▶ **WHAT IS BEING ASKED**
Line tally for "forward": state how many lines of the entries include it, with no other text.

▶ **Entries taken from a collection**
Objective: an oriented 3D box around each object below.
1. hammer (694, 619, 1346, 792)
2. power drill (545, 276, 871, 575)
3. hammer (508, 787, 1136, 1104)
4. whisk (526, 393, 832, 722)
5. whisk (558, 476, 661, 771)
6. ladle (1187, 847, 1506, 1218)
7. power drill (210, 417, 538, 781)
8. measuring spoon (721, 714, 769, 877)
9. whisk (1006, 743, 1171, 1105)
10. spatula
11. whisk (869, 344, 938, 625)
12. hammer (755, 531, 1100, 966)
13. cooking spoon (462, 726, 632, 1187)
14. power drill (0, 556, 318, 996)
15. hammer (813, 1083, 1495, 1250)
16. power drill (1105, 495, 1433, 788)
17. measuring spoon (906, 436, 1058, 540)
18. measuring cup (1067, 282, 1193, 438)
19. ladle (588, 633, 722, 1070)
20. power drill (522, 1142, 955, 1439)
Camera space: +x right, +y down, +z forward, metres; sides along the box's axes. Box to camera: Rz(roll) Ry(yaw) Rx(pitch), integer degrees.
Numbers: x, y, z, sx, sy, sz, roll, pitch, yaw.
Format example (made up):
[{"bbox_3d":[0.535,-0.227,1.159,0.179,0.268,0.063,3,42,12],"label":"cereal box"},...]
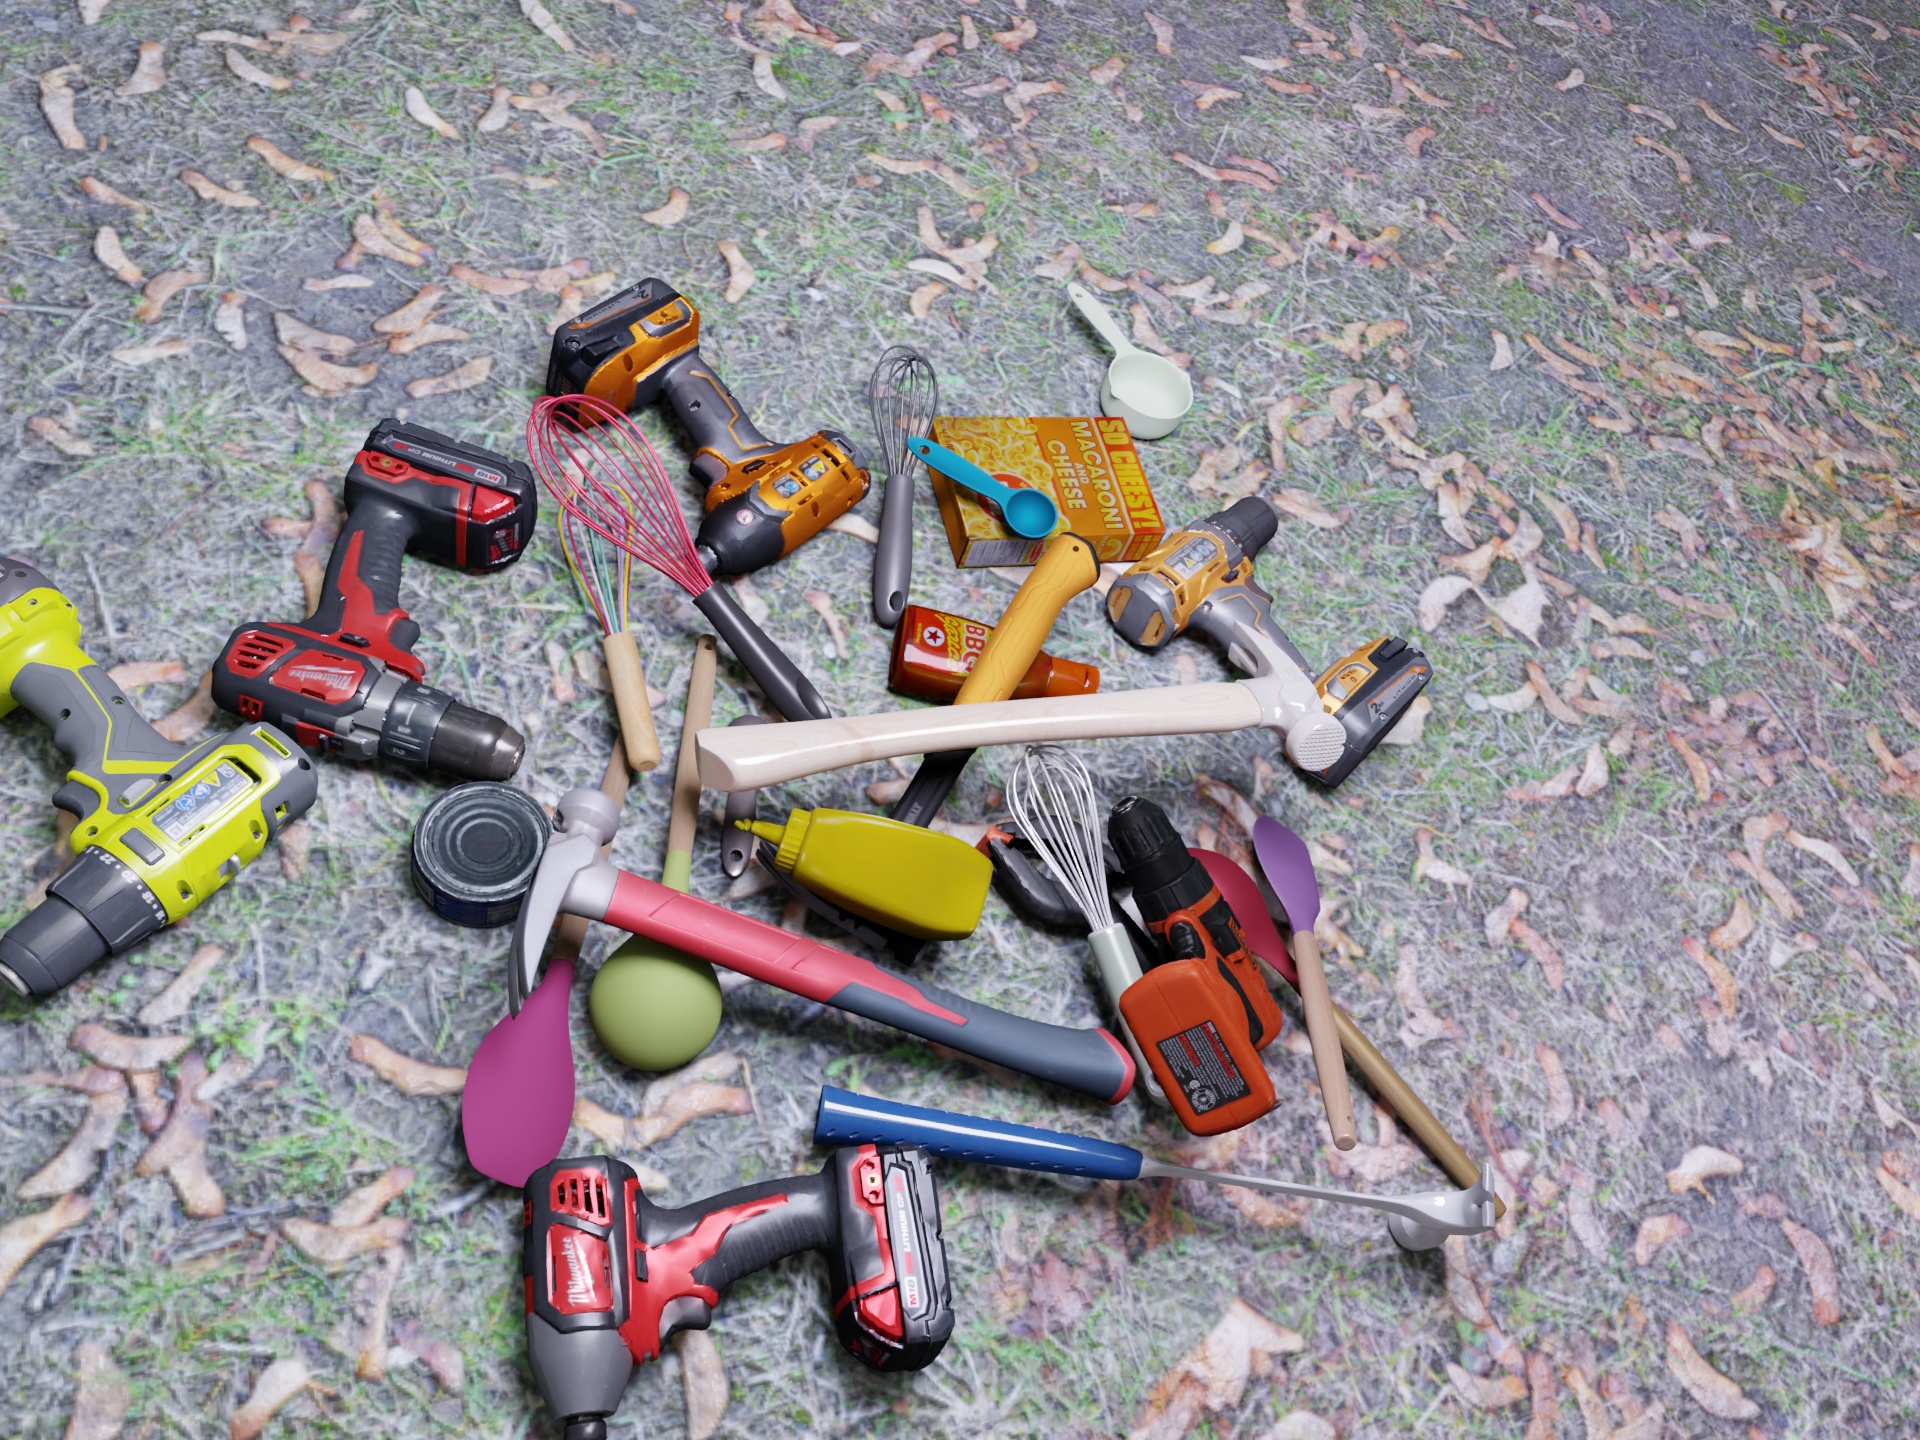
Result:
[{"bbox_3d":[0.034,-0.003,1.030,0.410,0.038,0.146,-5,33,-15],"label":"hammer"},{"bbox_3d":[-0.197,-0.205,1.164,0.226,0.084,0.164,43,55,7],"label":"power drill"},{"bbox_3d":[-0.069,0.167,0.934,0.386,0.038,0.143,23,43,-17],"label":"hammer"},{"bbox_3d":[-0.185,-0.103,1.074,0.295,0.073,0.073,50,54,-7],"label":"whisk"},{"bbox_3d":[-0.232,-0.072,1.075,0.047,0.051,0.245,-1,55,-28],"label":"whisk"},{"bbox_3d":[0.250,0.204,1.055,0.315,0.031,0.069,49,47,7],"label":"ladle"},{"bbox_3d":[-0.345,-0.070,1.027,0.188,0.080,0.227,19,56,-6],"label":"power drill"},{"bbox_3d":[-0.143,0.046,1.049,0.034,0.018,0.124,8,55,-10],"label":"measuring spoon"},{"bbox_3d":[0.090,0.128,1.021,0.058,0.059,0.246,-24,78,16],"label":"whisk"},{"bbox_3d":[0.223,0.156,1.025,0.059,0.018,0.316,33,27,-16],"label":"spatula"},{"bbox_3d":[-0.048,-0.180,1.203,0.055,0.055,0.239,8,67,-13],"label":"whisk"},{"bbox_3d":[-0.002,-0.003,1.081,0.127,0.034,0.337,32,65,1],"label":"hammer"},{"bbox_3d":[-0.233,0.124,0.959,0.068,0.017,0.319,34,44,-30],"label":"cooking spoon"},{"bbox_3d":[-0.515,0.031,0.901,0.228,0.080,0.191,38,54,5],"label":"power drill"},{"bbox_3d":[0.116,0.262,0.940,0.405,0.144,0.035,10,66,-4],"label":"hammer"},{"bbox_3d":[0.248,-0.074,1.228,0.226,0.084,0.185,40,53,15],"label":"power drill"},{"bbox_3d":[0.014,-0.174,1.196,0.128,0.021,0.042,31,63,2],"label":"measuring spoon"},{"bbox_3d":[0.134,-0.308,1.369,0.083,0.038,0.168,-19,63,-28],"label":"measuring cup"},{"bbox_3d":[-0.179,0.072,1.015,0.078,0.062,0.320,12,48,-14],"label":"ladle"},{"bbox_3d":[-0.121,0.303,0.854,0.219,0.078,0.143,0,58,-15],"label":"power drill"}]
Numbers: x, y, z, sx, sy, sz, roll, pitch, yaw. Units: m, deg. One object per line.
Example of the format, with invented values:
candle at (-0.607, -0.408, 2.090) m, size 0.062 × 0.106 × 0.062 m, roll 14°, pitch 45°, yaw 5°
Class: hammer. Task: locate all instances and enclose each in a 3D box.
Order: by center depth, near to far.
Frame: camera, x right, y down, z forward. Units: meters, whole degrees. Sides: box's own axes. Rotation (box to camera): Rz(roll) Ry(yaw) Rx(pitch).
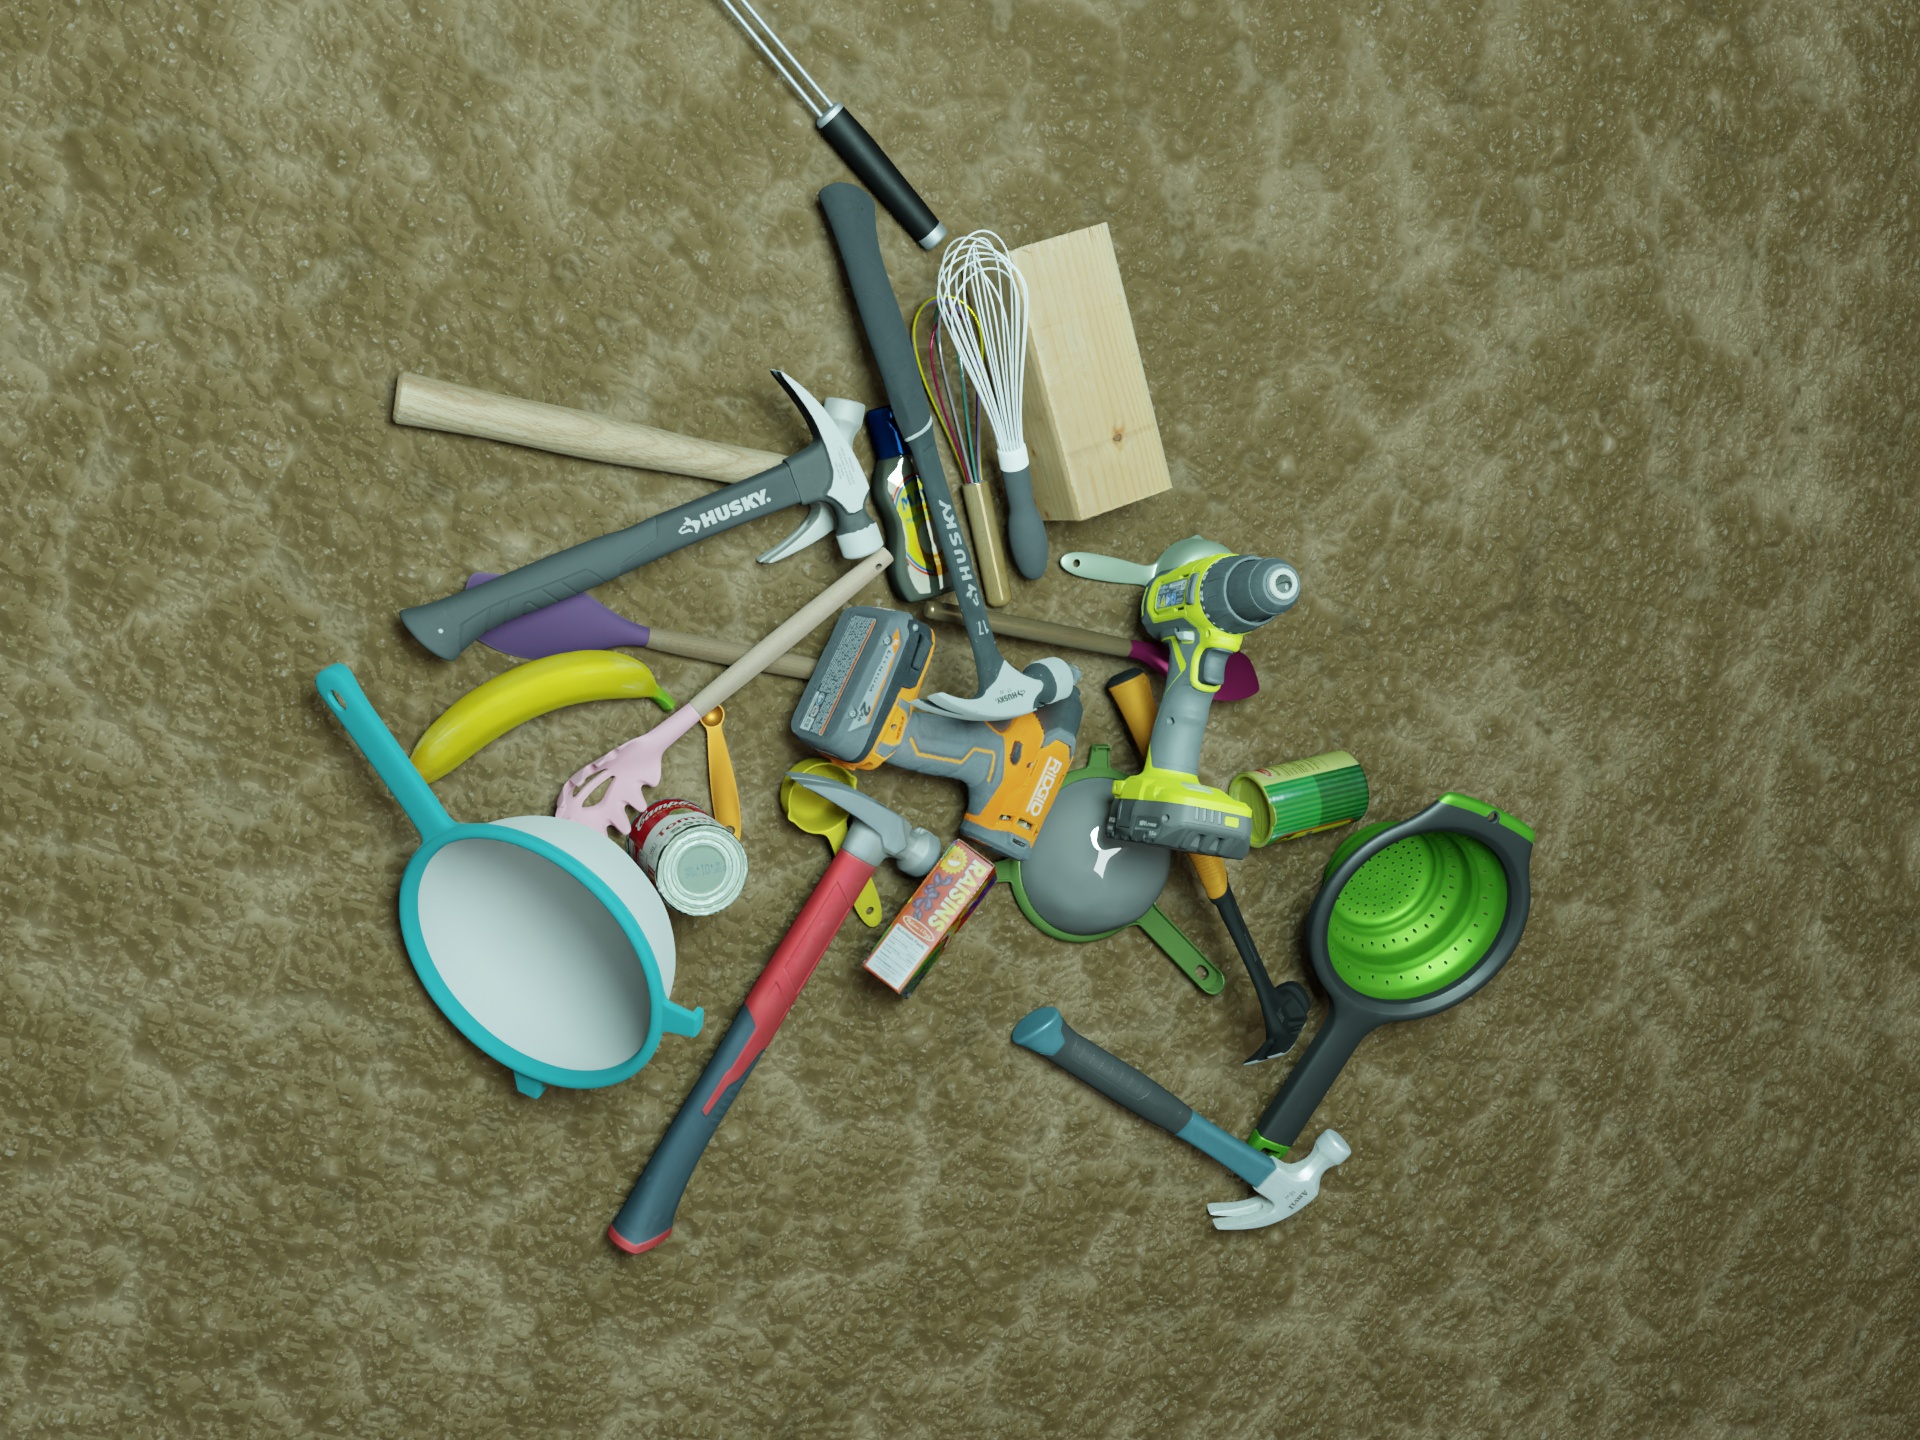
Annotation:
hammer at (-0.227, -0.129, 1.114) m, size 0.335 × 0.035 × 0.146 m, roll -24°, pitch 111°, yaw -13°
hammer at (-0.232, -0.194, 1.137) m, size 0.331 × 0.031 × 0.130 m, roll 8°, pitch 94°, yaw -24°
hammer at (-0.030, -0.194, 1.163) m, size 0.149 × 0.036 × 0.409 m, roll -19°, pitch 91°, yaw -47°
hammer at (-0.167, 0.225, 1.205) m, size 0.143 × 0.038 × 0.386 m, roll 33°, pitch 88°, yaw -36°
hammer at (0.200, 0.115, 1.313) m, size 0.034 × 0.127 × 0.337 m, roll -24°, pitch 92°, yaw 26°
hammer at (0.183, 0.340, 1.381) m, size 0.330 × 0.033 × 0.128 m, roll 35°, pitch 102°, yaw -19°

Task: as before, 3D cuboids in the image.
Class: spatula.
spatula at (-0.207, -0.054, 1.174) m, size 0.315 × 0.018 × 0.059 m, roll 10°, pitch 112°, yaw -25°

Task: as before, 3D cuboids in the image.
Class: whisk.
whisk at (0.034, -0.227, 1.190) m, size 0.070 × 0.070 × 0.284 m, roll -27°, pitch 128°, yaw -18°
whisk at (0.010, -0.207, 1.235) m, size 0.047 × 0.051 × 0.245 m, roll -21°, pitch 108°, yaw -26°

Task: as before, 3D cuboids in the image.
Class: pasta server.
pasta server at (-0.171, -0.022, 1.168) m, size 0.316 × 0.040 × 0.060 m, roll -40°, pitch 129°, yaw -7°

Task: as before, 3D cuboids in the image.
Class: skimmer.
skimmer at (-0.135, -0.463, 1.108) m, size 0.127 × 0.090 × 0.363 m, roll -36°, pitch 117°, yaw 20°

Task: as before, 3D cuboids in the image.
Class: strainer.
strainer at (-0.311, 0.092, 1.097) m, size 0.340 × 0.211 × 0.095 m, roll 57°, pitch 34°, yaw -10°
strainer at (0.154, 0.153, 1.334) m, size 0.151 × 0.069 × 0.256 m, roll -48°, pitch 111°, yaw -10°

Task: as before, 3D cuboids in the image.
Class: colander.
colander at (0.351, 0.226, 1.432) m, size 0.204 × 0.095 × 0.397 m, roll 23°, pitch 106°, yaw -21°

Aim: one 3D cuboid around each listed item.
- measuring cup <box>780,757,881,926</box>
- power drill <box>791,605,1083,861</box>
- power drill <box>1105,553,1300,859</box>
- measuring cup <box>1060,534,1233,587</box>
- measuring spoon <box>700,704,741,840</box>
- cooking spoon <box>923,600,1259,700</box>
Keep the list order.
measuring cup at (-0.097, 0.097, 1.247) m, size 0.062 × 0.029 × 0.156 m, roll -31°, pitch 120°, yaw -19°
power drill at (-0.002, -0.004, 1.229) m, size 0.226 × 0.084 × 0.164 m, roll 30°, pitch 82°, yaw -34°
power drill at (0.186, -0.015, 1.202) m, size 0.080 × 0.190 × 0.228 m, roll 12°, pitch 85°, yaw -16°
measuring cup at (0.162, -0.119, 1.314) m, size 0.167 × 0.038 × 0.083 m, roll 7°, pitch 95°, yaw -26°
measuring spoon at (-0.182, 0.042, 1.206) m, size 0.021 × 0.011 × 0.117 m, roll -13°, pitch 106°, yaw -24°
cooking spoon at (0.114, -0.063, 1.288) m, size 0.318 × 0.017 × 0.069 m, roll 9°, pitch 51°, yaw -27°

▶ **EXERCISE RESULT**
2